### Task item
Scan the data below for the string "centre". Copy every line where it appears.

### Task input
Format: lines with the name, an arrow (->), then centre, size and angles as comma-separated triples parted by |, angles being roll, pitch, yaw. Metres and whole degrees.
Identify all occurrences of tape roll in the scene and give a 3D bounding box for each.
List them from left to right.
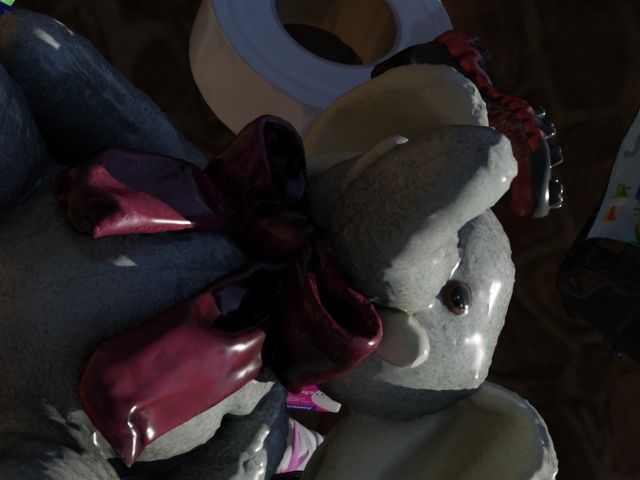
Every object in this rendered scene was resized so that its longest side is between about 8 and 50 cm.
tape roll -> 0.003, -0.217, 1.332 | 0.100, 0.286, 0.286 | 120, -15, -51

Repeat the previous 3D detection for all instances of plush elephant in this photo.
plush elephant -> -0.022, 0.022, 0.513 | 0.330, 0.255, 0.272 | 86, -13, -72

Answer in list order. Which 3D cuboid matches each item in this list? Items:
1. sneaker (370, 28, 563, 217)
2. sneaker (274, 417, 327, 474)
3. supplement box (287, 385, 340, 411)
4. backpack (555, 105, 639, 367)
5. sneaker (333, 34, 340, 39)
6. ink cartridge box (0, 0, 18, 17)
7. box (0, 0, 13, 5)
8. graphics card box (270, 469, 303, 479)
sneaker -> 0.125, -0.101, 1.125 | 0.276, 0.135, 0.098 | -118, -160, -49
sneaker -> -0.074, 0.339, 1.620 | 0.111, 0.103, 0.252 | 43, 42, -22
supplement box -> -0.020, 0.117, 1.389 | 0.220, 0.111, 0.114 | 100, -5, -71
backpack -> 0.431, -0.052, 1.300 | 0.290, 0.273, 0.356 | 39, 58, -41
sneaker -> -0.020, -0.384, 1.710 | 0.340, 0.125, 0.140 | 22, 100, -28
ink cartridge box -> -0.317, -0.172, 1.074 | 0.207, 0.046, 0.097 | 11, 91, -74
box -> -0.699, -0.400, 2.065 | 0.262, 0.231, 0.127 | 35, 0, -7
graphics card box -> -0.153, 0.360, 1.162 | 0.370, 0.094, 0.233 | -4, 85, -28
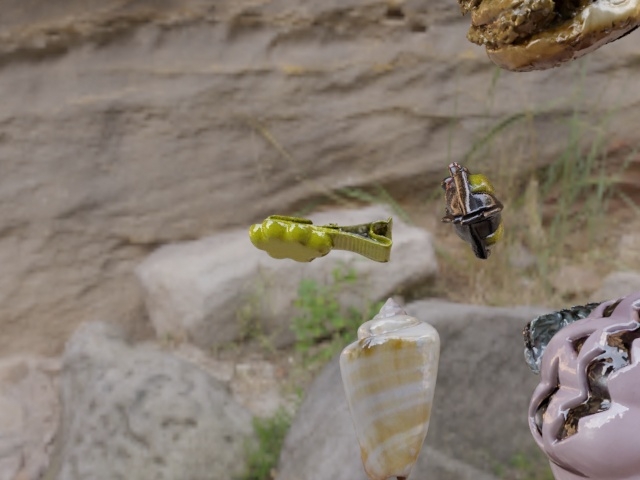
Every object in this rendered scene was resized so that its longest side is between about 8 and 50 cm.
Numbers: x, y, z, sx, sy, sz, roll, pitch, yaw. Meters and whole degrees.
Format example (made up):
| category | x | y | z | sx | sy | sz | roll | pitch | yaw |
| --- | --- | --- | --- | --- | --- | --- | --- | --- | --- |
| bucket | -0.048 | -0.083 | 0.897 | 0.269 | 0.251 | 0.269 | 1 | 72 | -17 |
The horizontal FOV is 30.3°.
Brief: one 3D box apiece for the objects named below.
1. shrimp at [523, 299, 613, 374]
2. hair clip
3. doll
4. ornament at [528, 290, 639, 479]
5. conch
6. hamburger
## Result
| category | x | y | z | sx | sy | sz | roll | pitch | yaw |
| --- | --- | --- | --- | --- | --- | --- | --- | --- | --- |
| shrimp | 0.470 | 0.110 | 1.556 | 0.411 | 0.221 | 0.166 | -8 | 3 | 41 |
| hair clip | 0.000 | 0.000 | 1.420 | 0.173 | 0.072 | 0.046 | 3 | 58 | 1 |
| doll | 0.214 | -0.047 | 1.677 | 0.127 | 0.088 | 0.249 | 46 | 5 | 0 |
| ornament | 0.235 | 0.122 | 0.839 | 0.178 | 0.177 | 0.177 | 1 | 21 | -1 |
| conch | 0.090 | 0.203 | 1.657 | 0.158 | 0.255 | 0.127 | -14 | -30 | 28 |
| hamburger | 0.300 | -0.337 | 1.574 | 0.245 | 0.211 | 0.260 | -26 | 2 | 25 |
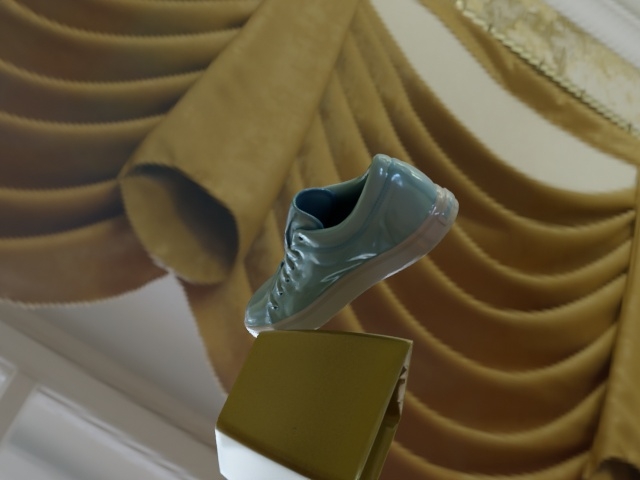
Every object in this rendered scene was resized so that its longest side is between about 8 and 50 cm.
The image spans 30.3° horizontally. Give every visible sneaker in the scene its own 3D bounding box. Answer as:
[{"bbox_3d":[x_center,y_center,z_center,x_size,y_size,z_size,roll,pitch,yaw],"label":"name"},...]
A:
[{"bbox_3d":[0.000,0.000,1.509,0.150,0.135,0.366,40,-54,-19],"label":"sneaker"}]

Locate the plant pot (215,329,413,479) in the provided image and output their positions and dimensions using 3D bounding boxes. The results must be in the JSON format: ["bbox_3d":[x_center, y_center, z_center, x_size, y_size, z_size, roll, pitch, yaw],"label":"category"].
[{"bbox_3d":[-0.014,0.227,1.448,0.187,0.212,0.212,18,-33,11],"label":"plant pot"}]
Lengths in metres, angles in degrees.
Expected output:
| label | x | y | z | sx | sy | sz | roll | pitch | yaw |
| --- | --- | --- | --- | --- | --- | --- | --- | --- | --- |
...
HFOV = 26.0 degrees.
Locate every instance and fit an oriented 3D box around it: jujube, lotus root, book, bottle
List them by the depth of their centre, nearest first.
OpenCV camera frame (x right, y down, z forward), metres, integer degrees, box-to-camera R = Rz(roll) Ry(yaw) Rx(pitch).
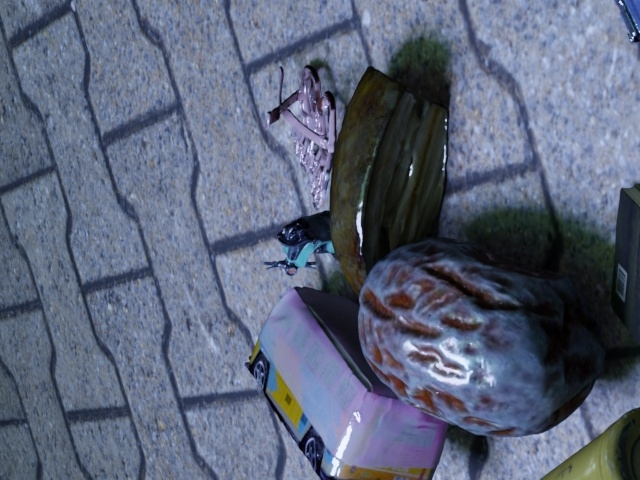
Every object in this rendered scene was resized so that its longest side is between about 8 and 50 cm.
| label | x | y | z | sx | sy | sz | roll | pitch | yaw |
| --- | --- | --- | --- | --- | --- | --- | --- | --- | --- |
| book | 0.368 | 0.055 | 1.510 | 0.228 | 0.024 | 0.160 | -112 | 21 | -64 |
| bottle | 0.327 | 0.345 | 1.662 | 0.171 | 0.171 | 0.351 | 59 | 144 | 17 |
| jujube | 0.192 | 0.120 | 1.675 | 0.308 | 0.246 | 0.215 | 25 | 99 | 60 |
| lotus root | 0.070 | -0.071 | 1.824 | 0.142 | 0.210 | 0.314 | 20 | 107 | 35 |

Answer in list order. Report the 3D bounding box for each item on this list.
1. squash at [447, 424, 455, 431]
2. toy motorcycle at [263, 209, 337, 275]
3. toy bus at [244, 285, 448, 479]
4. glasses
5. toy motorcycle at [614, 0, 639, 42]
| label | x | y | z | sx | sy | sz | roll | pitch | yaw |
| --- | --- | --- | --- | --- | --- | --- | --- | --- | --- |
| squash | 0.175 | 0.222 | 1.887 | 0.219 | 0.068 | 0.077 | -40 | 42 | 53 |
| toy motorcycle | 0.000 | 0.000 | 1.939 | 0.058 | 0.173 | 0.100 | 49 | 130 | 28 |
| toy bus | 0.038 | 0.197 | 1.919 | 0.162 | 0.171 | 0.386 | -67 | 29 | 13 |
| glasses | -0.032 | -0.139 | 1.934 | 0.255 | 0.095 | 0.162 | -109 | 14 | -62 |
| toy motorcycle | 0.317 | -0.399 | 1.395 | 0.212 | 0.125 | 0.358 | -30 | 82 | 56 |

### Written solution
Format: lines with the name, an arrow (->), then centre, size and angles as comma-separated triples parted by |, angles being roll, pitch, yaw. Metres and whole degrees.
List them by the depth of their centre, nearest first.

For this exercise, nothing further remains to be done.